Comparison with the lightweight methods
This section conducts tests on the classification performance of STPN compared with the current prevalent lightweight methods proposed by Liu et al. and Liao et al. across three few-shot datasets. This evaluation also considers the quantity of parameters and the number of computational operations required by the models when achieving optimal classification accuracy.
To ensure an equitable comparison, all three methods undergo transfer learning and pruning on the source model established in this paper. For the method by Liu et al., this study follows their original guideline of retaining only the architecture of the pruned model, discarding the weights, and randomly initializing new weights for subsequent training. Regarding Liao et al.‘s method, it aligns with their prescribed order of pruning prior to transfer, applying a superior global pruning strategy based on the average neuron weight identified by the authors, with fine-tuning of the model weights employed during transfer. For these three methods, iterative pruning was ceased when the maximum accuracy was maintained, ensuring that the pruning process did not compromise model performance. The results of this comparative analysis are detailed in Table 5.
In terms of the number of parameters and computational operations, the STPN method does not exhibit a significant advantage over the other two methods. However, it demonstrates a markedly superior classification accuracy. This is attributed to the fine-grained parameter matching conducted during transfer learning and pruning in this work, which mitigates issues related to negative transfer and over-pruning, thereby enhancing the accuracy of the lightweight model. Furthermore, this paper proposes the use of fully convolutional neural networks as the source model, inherently making the model more lightweight than traditional architectures and allowing for more extensive pruning. As a result, the final lightweight model obtained in this study has a parameter count of only approximately 50 K.
Comparative experiment based on ROC curve
To comprehensively compare the STPN method with other baseline approaches, we have plotted the ROC curves for the classification of six baseline methods on the Self-Made few-shot dataset in this section and calculated their AUC values. In the ROC curves, the x-axis represents the False Positive Rate (FPR), while the y-axis represents the True Positive Rate (TPR). The closer the curves are to the upper left corner, the better the classification performance. The AUC value, which stands for the area under the ROC curve, offers an intuitive measure of the classifier’s performance across different samples. As depicted in Fig. 5, our method achieves a higher true positive rate across various data classes. The average AUC values for the seven methods are as follows: STPN (0.99), Deeppacket (0.93), CNN-LSTM (0.92), Idriss (0.92), Eva (0.96), Liu (0.96), and Liao (0.96).
Comparison of time consumption and memory usage
For classification models, time consumption is also an important comparison indicator. Therefore, in this section, we refer to the method of He et al. and record the time consumption of STPN and six baseline methods during the model training and testing stages. We also calculate the memory resource consumption required for the classification model. For Deeppacket, CNN-LSTM, Idriss, and Eva, the original authors did not perform lightweight processing, so these methods do not include pruning duration. However, as shown in Table 6, the STPN method consumes less time than the other four methods in the long run. This is because when the source model is designed, STPN adopts a fully convolutional structure and uses a convolutional layer as the classification layer. The convolutional layer parameters are shared, sparsely connected, and the computational complexity is low, saving a significant amount of computation time. Additionally, when pruning the fully convolutional structure, only parameter sorting and model reconstruction are needed, which simplifies the computation and reduces the time required.
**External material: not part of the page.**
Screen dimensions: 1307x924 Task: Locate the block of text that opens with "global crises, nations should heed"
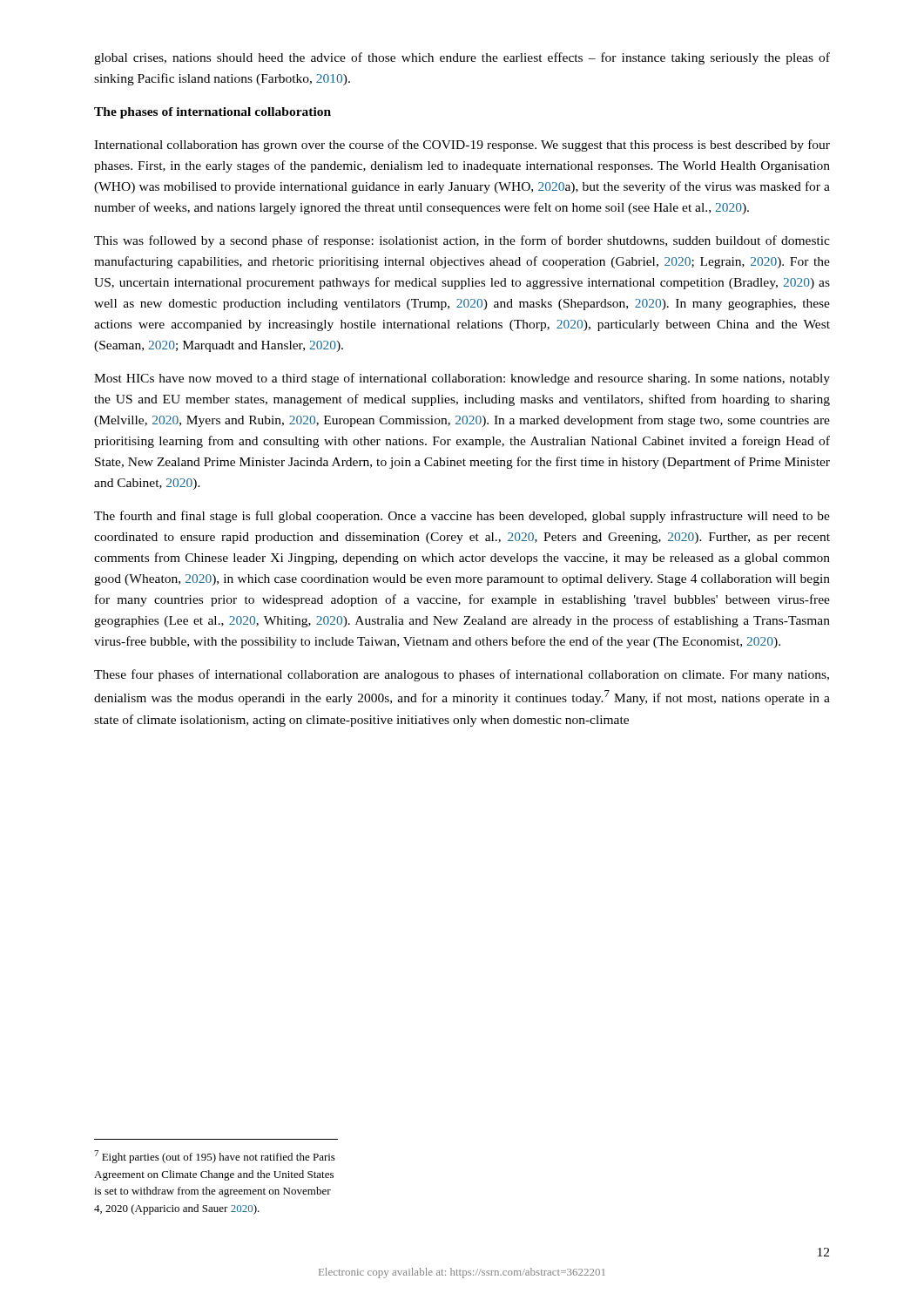(x=462, y=68)
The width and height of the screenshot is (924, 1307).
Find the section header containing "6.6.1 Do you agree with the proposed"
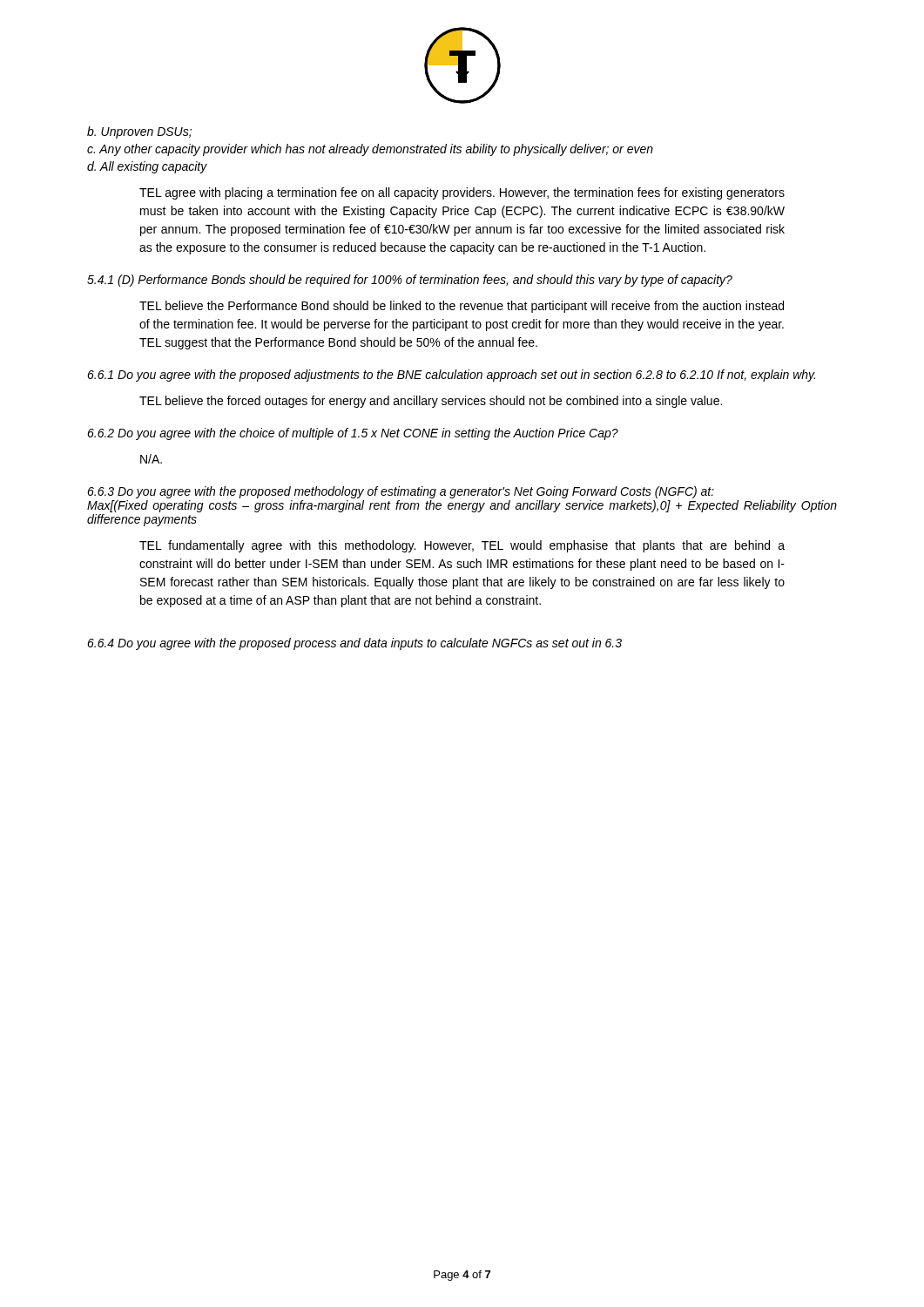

In comparison with other pruning methods, for the sake of fairness, STPN and the two baseline methods perform pruning operations under the transfer model of this paper. The results show that because STPN performs step-by-step pruning of both the shallow and deep networks, the time consumption is higher than that of the two baseline methods. However, the pruning operation itself does not involve complex calculations, so the difference in time consumption is not significant. From the memory usage of the final model, it can be seen that the pruned model only requires about 50 MiB of computing resources, which is much lower than traditional classification models. This paper investigates the computing resources available on current market edge computing devices. Generally, low-end edge devices (embedded microcontrollers, edge routers, etc.) have about hundreds of KB to dozens of MiB of storage resources. Middle-end edge devices (mobile robots, home smart devices, etc.) have about dozens of MiB to hundreds of MiB, and high-end edge devices (smartphones, edge servers, etc.) have several GB to dozens of GB. Therefore, based on the lightweight operation in this paper, the model can meet the deployment constraints of most edge devices while maintaining accuracy.
STPN lightweight experiment
Traditional methods of pruning shallow layers in transfer models often involve sorting neurons based on their weights initialized from the source model. This criterion may inadvertently lead to the removal of beneficial neurons if the copied weights do not positively correlate with the target classification task. To address this issue, our study implements a phased approach to transfer and pruning. By retraining shallow network parameters, we enhance their relevance to the target classification task, thereby improving the accuracy of pruning and minimizing the chances of removing beneficial neurons.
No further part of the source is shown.